ACTIVITY :: Pictures don't belong in the copy; print all the records exactly.

*** Opening SUPPLIED MATERIAL ***

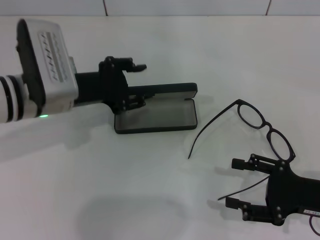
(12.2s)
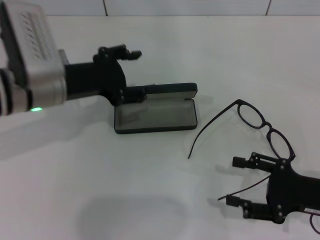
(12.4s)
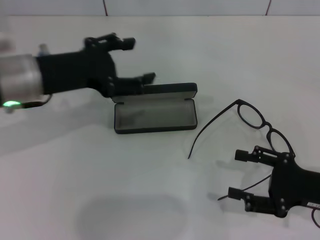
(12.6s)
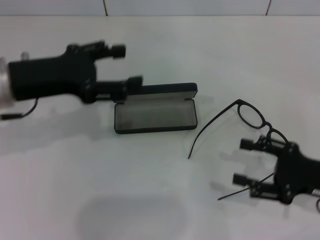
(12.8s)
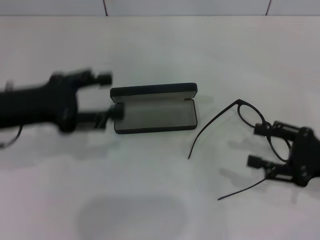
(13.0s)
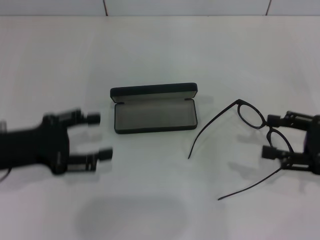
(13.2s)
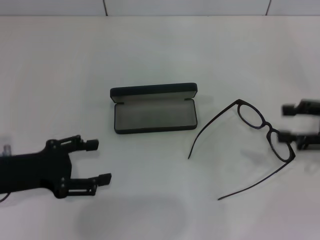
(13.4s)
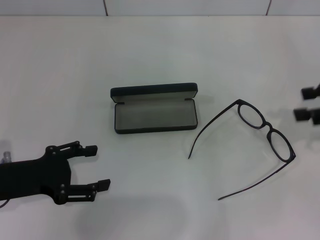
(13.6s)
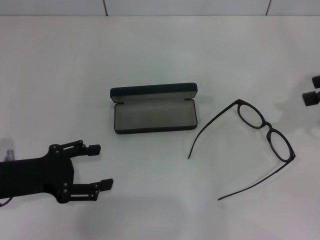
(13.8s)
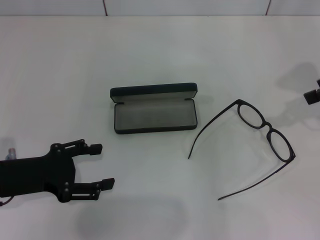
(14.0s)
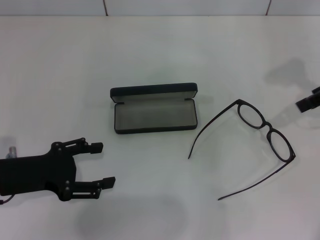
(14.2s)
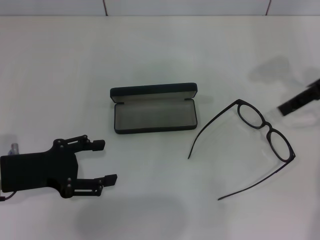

*** Closing SUPPLIED MATERIAL ***

ANSWER TO THIS PROBLEM ::
(12.2s)
(12.4s)
(12.6s)
(12.8s)
(13.0s)
(13.2s)
(13.4s)
(13.6s)
(13.8s)
(14.0s)
(14.2s)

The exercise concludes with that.